= Catastrophin =

Proteins associated with the disassembly of cell microtubules

Catastrophin (Catastrophe-related protein) are proteins associated with the disassembly of microtubules. Catastrophins affect microtubule shortening, a process known as microtubule catastrophe.

== Microtubule dynamics ==
Microtubules are polymers of tubulin subunits arranged in cylindrical tubes. The subunit is made up of alpha and beta tubulin. GTP binds to alpha tubulin irreversibly. Beta tubulin binds GTP and hydrolyzes to GDP. It is the GDP bound to beta-tubulin that regulates the growth or disassembly of the microtubule. However, this GDP can be displaced by GTP. Beta-tubulin bounded to GTP are described as having a GTP-cap that enables stable growth.

Microtubules exist in either a stable or unstable state. The unstable form of a microtubule is often found in cells that are undergoing rapid changes such as mitosis. The unstable form exists in a state of dynamic instability where the filaments grow and shrink seemingly randomly. A mechanistic understanding of what causes microtubules to shrink is still being developed.
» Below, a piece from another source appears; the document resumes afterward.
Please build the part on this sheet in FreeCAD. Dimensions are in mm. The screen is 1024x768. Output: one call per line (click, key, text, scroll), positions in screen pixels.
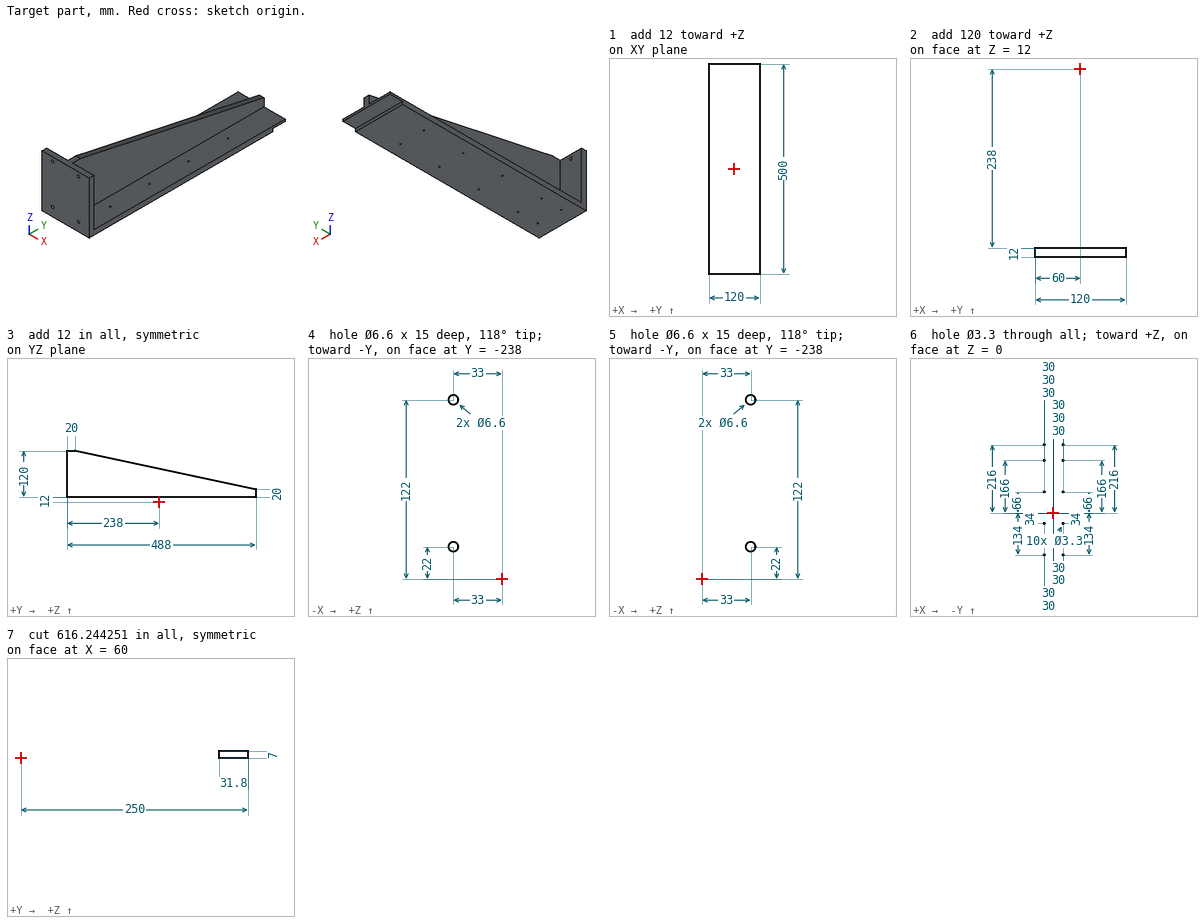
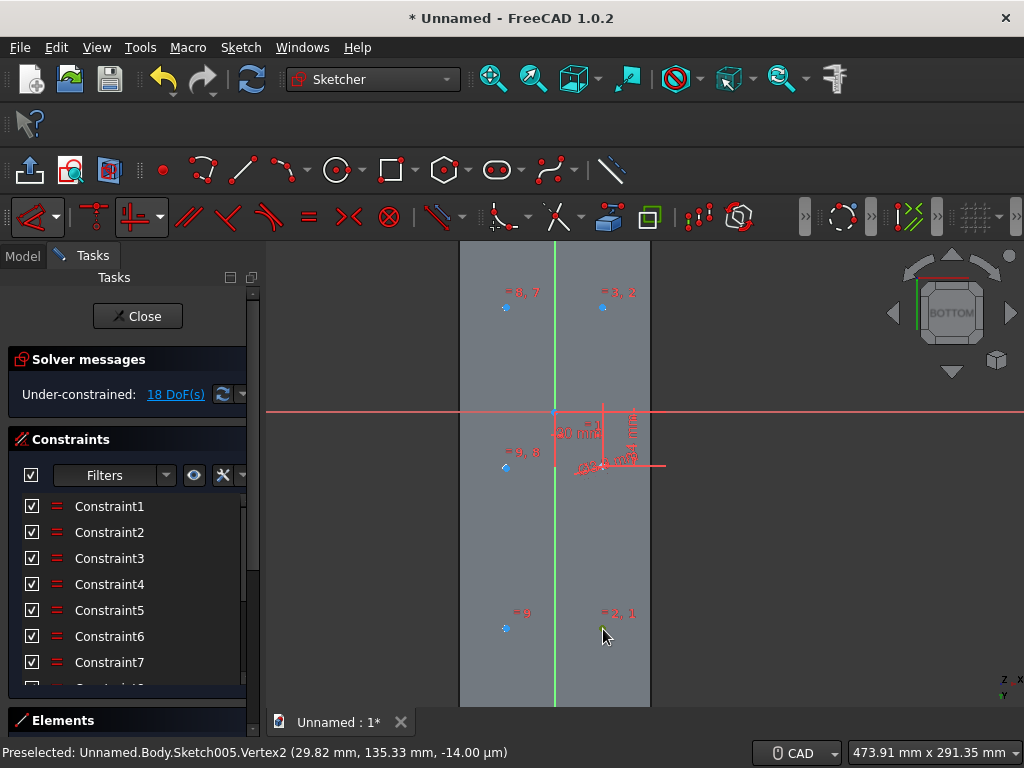
click(58, 218)

== Model of catastrophe ==
One model proposes that loss of the GTP-cap causes the GDP-containing protofilaments to shrink. Based on this GTP-cap model, catastrophe happens randomly. The model proposes that an increase in microtubule growth will correlate with a decrease in random catastrophe frequency or vice versa. The discovery of microtubule-associated proteins that change the rate of catastrophe while not impacting the rate of microtubule growth challenges this model of stochastic growth and shrinkage.

=== Increases ===
Oncoprotein 18/Stathmin has been shown to increase the frequency of catastrophe. Oncoprotein 18 (Op18) is a cytosolic protein that are found in abundance in either benign or malignant tumor site: through the complex timing of phosphorylation, this biomolecule regulates the depolymerization of microtubules. It has four sites of phosphorylation characterized by serine residues and are associated with cyclin-dependent protein kinases (CDKs): Ser16, Ser25, Ser38 and Ser63. There are two different models that are in contention regarding the destabilization of microtubules due to Op18: the inhibition of tubulin dimer formation or a catastrophe phenomena.

The Kinesin-related protein XKCM1 stimulates catastrophes in Xenopus microtubules.

The Kinesin-Related Protein 13 MCAK increases the frequency of catastrophe without affecting the promotion of microtubule growth.

=== Decreases ===
Doublecortin (DCX) shows an ability to inhibit catastrophe without affecting the microtubule growth rate

Xenopus Microtubule Protein 215 (XMAP215) has been implicated in inhibiting catastrophe.

== Mechanism ==
Some catastrophins affect catastrophe by binding to the ends of microtubules and promoting the dissociation of tubulin dimers.

Different mathematical models of microtubule development are being developed to take into account in vitro and in vivo observations. Meanwhile, there are new in vitro models of microtubule polymerization dynamics, of which catastrophins take a part in, being tested to emulate in vivo behaviors of microtubules.